[Entries taken from a collection]

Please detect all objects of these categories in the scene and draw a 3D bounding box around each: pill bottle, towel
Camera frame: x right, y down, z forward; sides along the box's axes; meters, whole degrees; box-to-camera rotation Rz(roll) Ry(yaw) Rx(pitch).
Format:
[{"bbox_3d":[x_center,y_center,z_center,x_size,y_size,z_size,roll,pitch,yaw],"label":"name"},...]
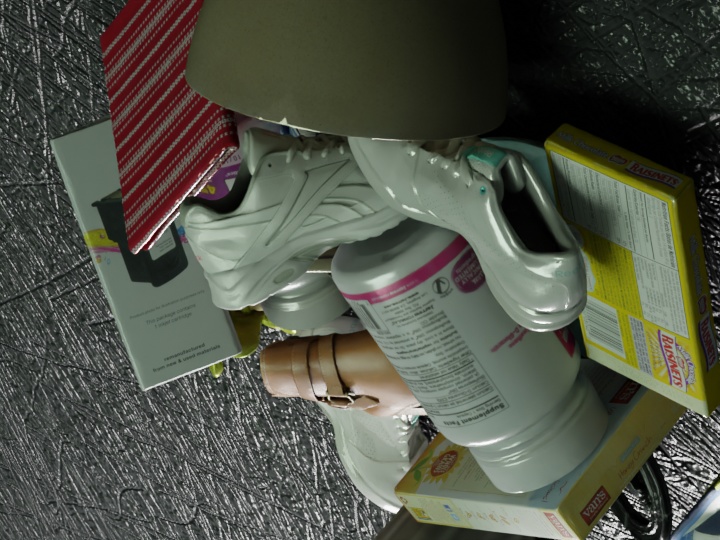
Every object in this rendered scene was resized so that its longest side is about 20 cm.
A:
[{"bbox_3d":[-0.067,-0.055,1.727,0.112,0.112,0.201,18,143,43],"label":"pill bottle"},{"bbox_3d":[0.078,0.045,1.568,0.113,0.113,0.200,0,130,56],"label":"pill bottle"},{"bbox_3d":[-0.133,-0.130,1.636,0.022,0.201,0.145,11,142,-32],"label":"towel"}]

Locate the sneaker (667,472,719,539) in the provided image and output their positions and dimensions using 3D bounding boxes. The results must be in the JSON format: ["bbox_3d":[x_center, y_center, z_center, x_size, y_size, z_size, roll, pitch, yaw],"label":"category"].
[{"bbox_3d":[0.271,0.177,1.613,0.082,0.074,0.200,39,155,7],"label":"sneaker"}]

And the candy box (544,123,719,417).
[{"bbox_3d":[0.174,0.002,1.465,0.102,0.026,0.201,25,148,34],"label":"candy box"}]

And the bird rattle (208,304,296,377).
[{"bbox_3d":[-0.110,-0.028,1.890,0.163,0.112,0.201,-28,93,51],"label":"bird rattle"}]

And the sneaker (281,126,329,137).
[{"bbox_3d":[-0.025,-0.112,1.612,0.082,0.074,0.201,3,130,57],"label":"sneaker"}]

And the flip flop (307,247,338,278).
[{"bbox_3d":[0.000,0.000,1.648,0.081,0.199,0.058,24,113,59],"label":"flip flop"}]

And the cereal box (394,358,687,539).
[{"bbox_3d":[0.128,0.124,1.663,0.040,0.144,0.200,52,154,-22],"label":"cereal box"}]

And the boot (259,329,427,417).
[{"bbox_3d":[0.000,0.066,1.753,0.154,0.074,0.200,5,156,4],"label":"boot"}]

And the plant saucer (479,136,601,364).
[{"bbox_3d":[0.148,-0.020,1.547,0.201,0.039,0.201,34,153,21],"label":"plant saucer"}]

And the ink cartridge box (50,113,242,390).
[{"bbox_3d":[-0.165,-0.021,1.776,0.146,0.082,0.201,-165,55,-84],"label":"ink cartridge box"}]

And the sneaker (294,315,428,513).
[{"bbox_3d":[0.024,0.122,1.907,0.088,0.075,0.200,-9,124,40],"label":"sneaker"}]

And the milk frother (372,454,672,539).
[{"bbox_3d":[0.115,0.200,1.739,0.180,0.188,0.200,38,154,11],"label":"milk frother"}]

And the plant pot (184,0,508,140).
[{"bbox_3d":[0.000,-0.171,1.411,0.200,0.200,0.135,23,113,38],"label":"plant pot"}]

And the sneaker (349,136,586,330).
[{"bbox_3d":[0.071,-0.057,1.445,0.200,0.075,0.089,44,158,21],"label":"sneaker"}]

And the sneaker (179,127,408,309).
[{"bbox_3d":[-0.030,-0.060,1.529,0.100,0.199,0.078,58,178,-19],"label":"sneaker"}]
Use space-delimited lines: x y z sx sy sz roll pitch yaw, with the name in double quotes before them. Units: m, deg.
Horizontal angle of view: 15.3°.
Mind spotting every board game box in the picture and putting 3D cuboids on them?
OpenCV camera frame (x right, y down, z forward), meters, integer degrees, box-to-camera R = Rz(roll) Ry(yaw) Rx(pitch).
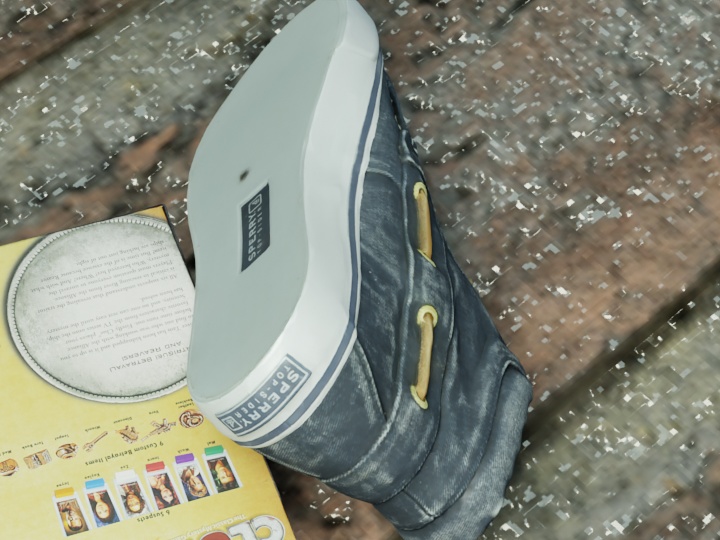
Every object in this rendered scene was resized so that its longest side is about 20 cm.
"board game box" -0.130 0.066 0.760 0.199 0.035 0.136 -14 58 -15

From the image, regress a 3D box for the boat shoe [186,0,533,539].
"boat shoe" 0.000 0.000 0.805 0.091 0.071 0.201 39 30 -23
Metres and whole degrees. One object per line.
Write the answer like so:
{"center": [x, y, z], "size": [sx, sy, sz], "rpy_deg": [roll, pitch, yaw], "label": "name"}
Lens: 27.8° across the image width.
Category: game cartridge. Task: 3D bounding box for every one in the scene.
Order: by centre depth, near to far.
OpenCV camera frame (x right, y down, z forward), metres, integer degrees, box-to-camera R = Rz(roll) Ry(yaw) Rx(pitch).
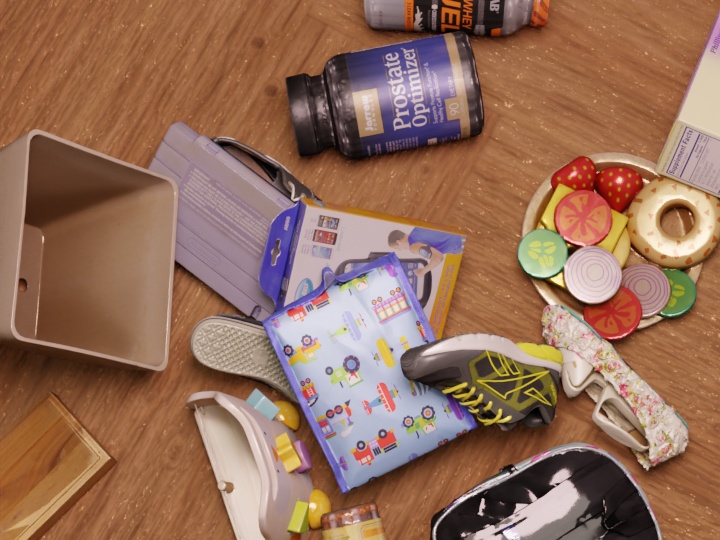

> [Directions for this task]: Please write out all the data word for word, but keep every picture out.

> [Response for this exercise]:
Please detect all objects of these categories in the scene and draw a 3D bounding box around each: pill bottle, towel
Camera frame: x right, y down, z forward; sides along the box's axes; meters, whole degrees; box-to-camera rotation Rz(roll) Ry(yaw) Rx(pitch).
Format:
[{"bbox_3d":[x_center,y_center,z_center,x_size,y_size,z_size,roll,pitch,yaw],"label":"name"},...]
Every object in this rendered scene was resized so that its longest side is about 20 cm.
A:
[{"bbox_3d":[-0.067,-0.055,1.727,0.112,0.112,0.201,18,143,43],"label":"pill bottle"},{"bbox_3d":[0.078,0.045,1.568,0.113,0.113,0.200,0,130,56],"label":"pill bottle"},{"bbox_3d":[-0.133,-0.130,1.636,0.022,0.201,0.145,11,142,-32],"label":"towel"}]

Locate the sneaker (667,472,719,539) in the provided image and output their positions and dimensions using 3D bounding boxes. The results must be in the JSON format: ["bbox_3d":[x_center, y_center, z_center, x_size, y_size, z_size, roll, pitch, yaw],"label":"category"].
[{"bbox_3d":[0.271,0.177,1.613,0.082,0.074,0.200,39,155,7],"label":"sneaker"}]

And the candy box (544,123,719,417).
[{"bbox_3d":[0.174,0.002,1.465,0.102,0.026,0.201,25,148,34],"label":"candy box"}]

And the bird rattle (208,304,296,377).
[{"bbox_3d":[-0.110,-0.028,1.890,0.163,0.112,0.201,-28,93,51],"label":"bird rattle"}]

And the sneaker (281,126,329,137).
[{"bbox_3d":[-0.025,-0.112,1.612,0.082,0.074,0.201,3,130,57],"label":"sneaker"}]

And the flip flop (307,247,338,278).
[{"bbox_3d":[0.000,0.000,1.648,0.081,0.199,0.058,24,113,59],"label":"flip flop"}]

And the cereal box (394,358,687,539).
[{"bbox_3d":[0.128,0.124,1.663,0.040,0.144,0.200,52,154,-22],"label":"cereal box"}]

And the boot (259,329,427,417).
[{"bbox_3d":[0.000,0.066,1.753,0.154,0.074,0.200,5,156,4],"label":"boot"}]

And the plant saucer (479,136,601,364).
[{"bbox_3d":[0.148,-0.020,1.547,0.201,0.039,0.201,34,153,21],"label":"plant saucer"}]

And the ink cartridge box (50,113,242,390).
[{"bbox_3d":[-0.165,-0.021,1.776,0.146,0.082,0.201,-165,55,-84],"label":"ink cartridge box"}]

And the sneaker (294,315,428,513).
[{"bbox_3d":[0.024,0.122,1.907,0.088,0.075,0.200,-9,124,40],"label":"sneaker"}]

And the milk frother (372,454,672,539).
[{"bbox_3d":[0.115,0.200,1.739,0.180,0.188,0.200,38,154,11],"label":"milk frother"}]

And the plant pot (184,0,508,140).
[{"bbox_3d":[0.000,-0.171,1.411,0.200,0.200,0.135,23,113,38],"label":"plant pot"}]

And the sneaker (349,136,586,330).
[{"bbox_3d":[0.071,-0.057,1.445,0.200,0.075,0.089,44,158,21],"label":"sneaker"}]

And the sneaker (179,127,408,309).
[{"bbox_3d":[-0.030,-0.060,1.529,0.100,0.199,0.078,58,178,-19],"label":"sneaker"}]
Use space-delimited lines: x y z sx sy sz roll pitch yaw, with the name in double quotes before them. Units: m, deg.
Horizontal angle of view: 15.3°.
Mind spotting every board game box in the picture and putting 3D cuboids on them?
OpenCV camera frame (x right, y down, z forward), meters, integer degrees, box-to-camera R = Rz(roll) Ry(yaw) Rx(pitch).
Every object in this rendered scene was resized so that its longest side is about 20 cm.
"board game box" -0.130 0.066 0.760 0.199 0.035 0.136 -14 58 -15

From the image, regress a 3D box for the boat shoe [186,0,533,539].
"boat shoe" 0.000 0.000 0.805 0.091 0.071 0.201 39 30 -23
Metres and whole degrees. One object per line.
Write the answer like so:
{"center": [x, y, z], "size": [sx, sy, sz], "rpy_deg": [roll, pitch, yaw], "label": "name"}
Lens: 27.8° across the image width.
Category: game cartridge. Task: 3D bounding box for every one in the scene.
Order: by centre depth, near to far.
OpenCV camera frame (x right, y down, z forward), metres, integer degrees, box-to-camera R = Rz(roll) Ry(yaw) Rx(pitch).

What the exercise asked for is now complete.